GESCHICHTE DER SCHÜTZENGILDE

Rund 70 Jahre ruhte nun der Name und die Idee einer Schützengilde in vagen Erinnerungen und in Archiven. Im November 1961 jedoch entstand in einem Kreis von 37 Männern um Karl Herbrechter die Idee, das Neusser Schützenregiment um ein weiteres Korps zu bereichern. Dieses Vorhaben sollte nicht auf die lange Bank geschoben werden. Man war vielmehr entschlossen, schon ab dem folgenden Jahr (1962) an den Festzügen aktiv teilzunehmen.

Neben den auf der Hand liegenden Problemen innerhalb des Vereins, sich eine Satzung zu geben, eine attraktive Uniform zu entwerfen und den organisatorischen Rahmen zu schaffen, mussten zur Mitgliedschaft im Neusser Bürger-Schützen-Verein noch etliche Hindernisse aus dem Weg geräumt werden.

Zunächst war eine Gesellschaft zu ermitteln, deren Tradition wieder aufgenommen werden konnte. Dank der Unterstützung von Joseph Lange, Stadtarchivdirektor a.D., fand man in der im ersten Teil dargestellt „Schützen-Gilde zu Neuß von 1850“ ein solches Korps, welches nach den Regularien des Schützen-Vereins grundsätzlich wieder gegründet werden konnte.

Als größeres Problem erwies es sich sodann, im Neusser Bürger-Schützen-Verein eine ausreichende 2/3 Mehrheit für eine Satzungsänderung zur Aufnahme eines neuen Korps zu erlangen. Diese Mehrheit wurde letztlich im zweiten Anlauf auf einer außerordentlichen Mitgliederversammlung am 27. Mai 1962 erreicht.

Und so marschierte die neu gegründete Schützengilde 1962 mit 78 Gildisten und 73 Musikern erstmalig über den Markt.

An der Spitze „eines noch kleinen … aber wegen des tadellosen Eindrucks, das es durch seine Haltung und seine festliche Uniform hinterließ, … sehr attraktiven Korps“ (Zitat der NGZ), ritten Karl Herbrechter (+) als Major und 1. Vorsitzender nebst seinem Adjutant Hans Lehmann (+).

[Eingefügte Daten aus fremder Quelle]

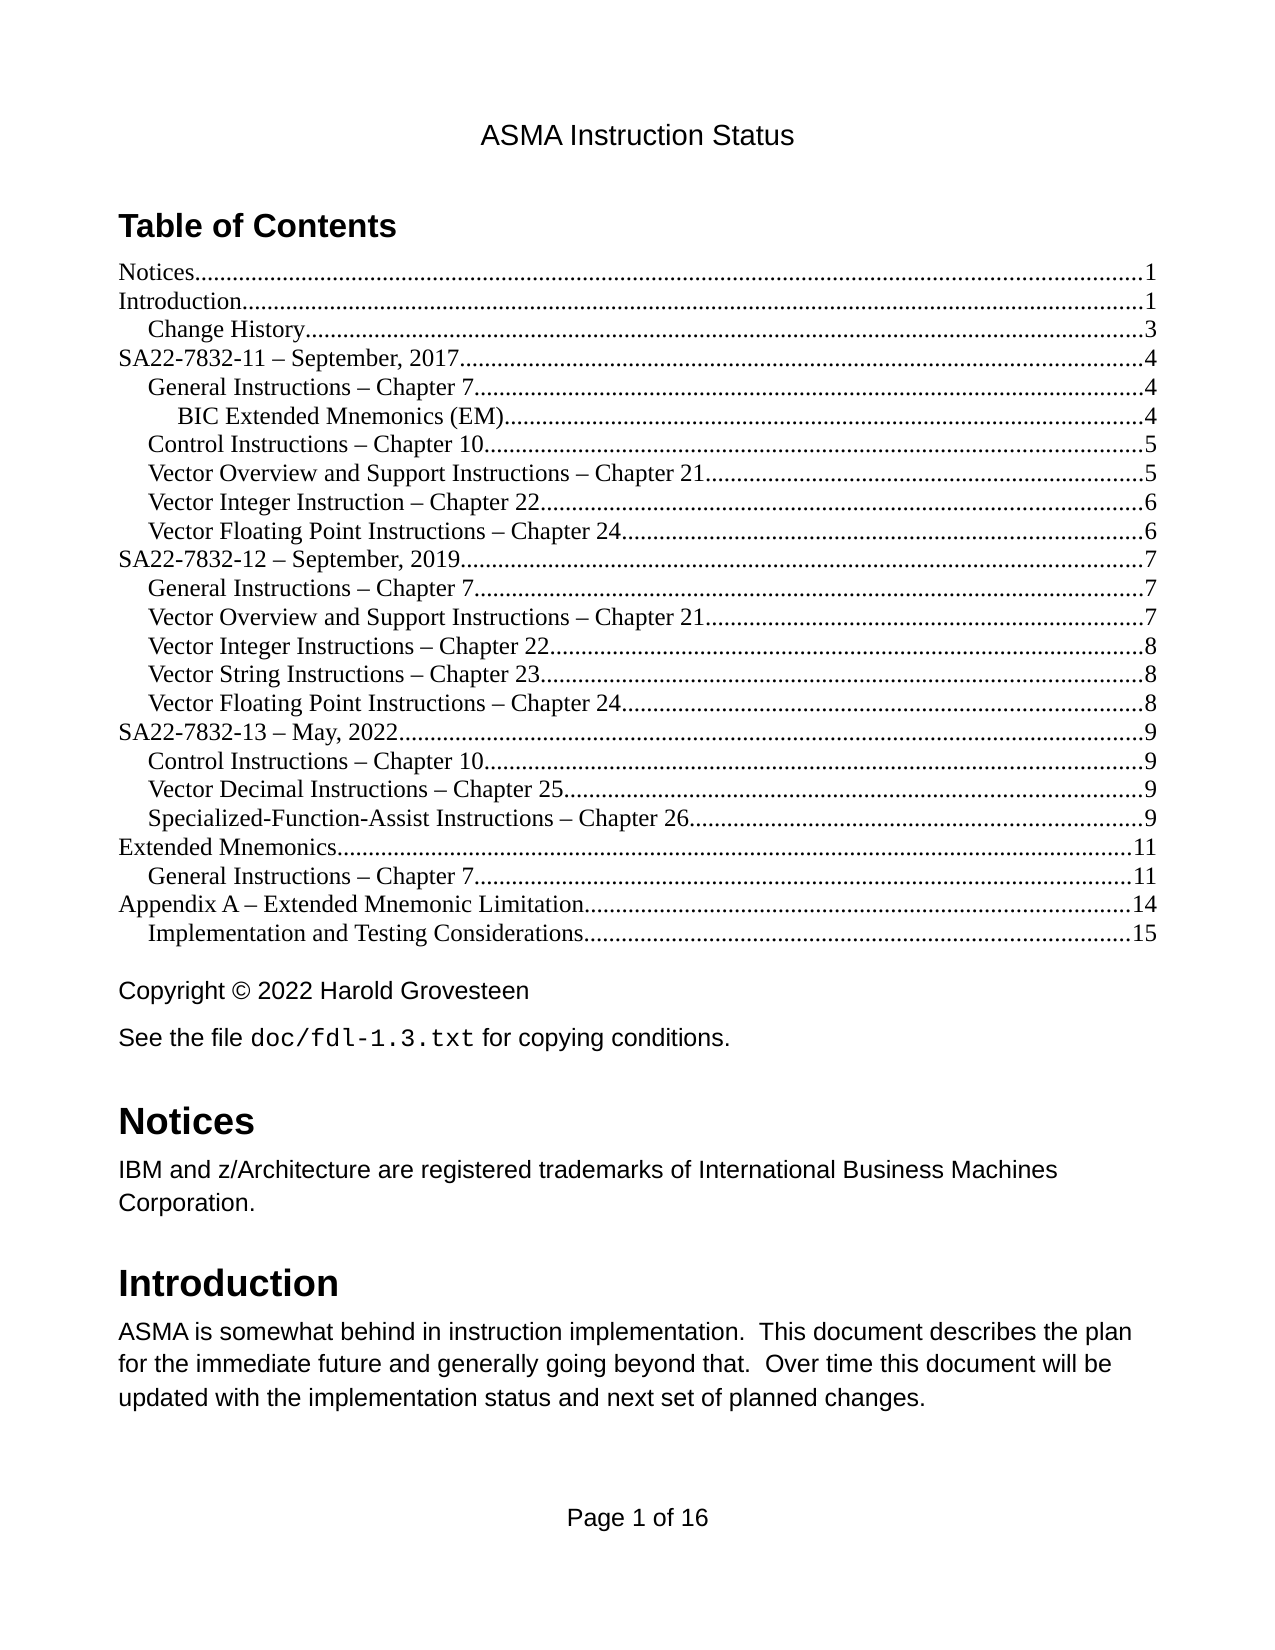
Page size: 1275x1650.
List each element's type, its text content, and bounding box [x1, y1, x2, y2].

Die neue, am Schützenfestsonntag im Quirinus Münster geweihte Korpsfahne schmückte zudem das Bild. Die Gilde wuchs und gedieh in den folgenden Jahren zusehends unter kontinuierlicher Korpsspitze: Auf Karl Herbrechter folgten von 1980 bis 2005 Dr. Dr. Udo Kissenkoetter und seit 2005 Dr. Paul Oldenkott. Adjutant der Gilde war nach Hans Lehmann von 1976 bis 1998 Norbert Kathmann und ist seither Axel Spix.

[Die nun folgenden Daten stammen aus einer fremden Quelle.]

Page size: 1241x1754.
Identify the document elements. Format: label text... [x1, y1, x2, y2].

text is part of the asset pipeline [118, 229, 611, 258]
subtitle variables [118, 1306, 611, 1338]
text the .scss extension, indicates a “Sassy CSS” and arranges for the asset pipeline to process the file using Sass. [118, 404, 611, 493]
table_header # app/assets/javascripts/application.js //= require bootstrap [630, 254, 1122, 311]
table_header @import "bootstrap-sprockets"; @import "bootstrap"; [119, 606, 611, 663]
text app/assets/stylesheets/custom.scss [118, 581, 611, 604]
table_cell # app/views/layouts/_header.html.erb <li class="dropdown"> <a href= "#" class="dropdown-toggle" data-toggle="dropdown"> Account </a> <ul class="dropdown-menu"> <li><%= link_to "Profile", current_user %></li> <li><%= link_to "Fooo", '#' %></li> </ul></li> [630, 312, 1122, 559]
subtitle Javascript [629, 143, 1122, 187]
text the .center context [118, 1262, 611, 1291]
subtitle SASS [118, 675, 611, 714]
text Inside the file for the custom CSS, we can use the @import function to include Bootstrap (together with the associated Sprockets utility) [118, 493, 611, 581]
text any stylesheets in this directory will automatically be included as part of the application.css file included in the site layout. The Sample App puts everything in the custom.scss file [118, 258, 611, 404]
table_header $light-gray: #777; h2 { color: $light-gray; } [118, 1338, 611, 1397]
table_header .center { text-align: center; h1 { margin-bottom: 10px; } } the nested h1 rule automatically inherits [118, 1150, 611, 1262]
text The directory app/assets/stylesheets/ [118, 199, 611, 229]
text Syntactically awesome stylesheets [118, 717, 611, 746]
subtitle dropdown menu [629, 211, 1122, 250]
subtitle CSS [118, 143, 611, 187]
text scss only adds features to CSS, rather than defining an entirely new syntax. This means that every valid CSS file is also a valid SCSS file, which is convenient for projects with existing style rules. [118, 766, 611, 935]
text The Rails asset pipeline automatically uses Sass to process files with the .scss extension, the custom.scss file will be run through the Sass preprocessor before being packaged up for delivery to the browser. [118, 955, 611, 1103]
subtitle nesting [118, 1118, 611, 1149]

Der alljährliche gesellschaftliche Höhepunkte des Korps ist neben dem Schützenfest das Korpsfest am 30. April, der „Tanz in den Mai“ nebst Proklamation des neuen Gildekönigs.

Darüber hinaus sind die zweimal im Jahr ausgerichteten Schießtermine, das Frühjahrs- und das Herbstkorpsschießen, feste Bestandteile des Jahreskalenders der Gesellschaft. Im Rahmen des Frühjahrskorpsschießen wird seit 1974 jährlich der Gildekönigermittelt. Dieser ist seitdem höchster Repräsentant des Korps. Erster Gildekönig war im Jahr 1974 Werner I. Sindermann (+), Schauspieler am Rheinischen Landestheater. Höchster Repräsentant aller Neusser Schützen ist alljährlich der Schützenkönig. Aus der Gilde konnten diese Königswürde bisher Alfred Westphal im Jahr 1972/73 (+), Hanno Beykirch im Jahr 1981/82 und Adi Kremer im Jahr 1998/99 erringen. Ihren großzügigen Königsgeschenken ist es zu verdanken, dass die Schützengilde auch heute noch die restaurierten Traditionsfahnen der „Schützen-Gilde von 1850“ über den Markt tragen kann und als Motiv eines Glasfensters im Rathaus der Stadt Neuss verewigt ist.

Stets war und wird es auch in Zukunft Ziel der Gilde bleiben, ein überschaubares Korps zu sein, in dem sich die Mitglieder untereinander noch kennen können. Nur so konnte sich ein über das Tragen der gleichen Uniform hinausgehendes Zusammenhörigkeitsgefühl entwickeln, das die Gilde prägt. Vor diesem Hintergrund haben freundschaftlicher Zusammenhalt der Gildisten, vielfältige Aktivitäten des Korps und die gemeinsame Freude an der Neusser Heimat die Gilde zu einer nicht wegzudenkenden Größe des Neusser Schützenregiments werden lassen.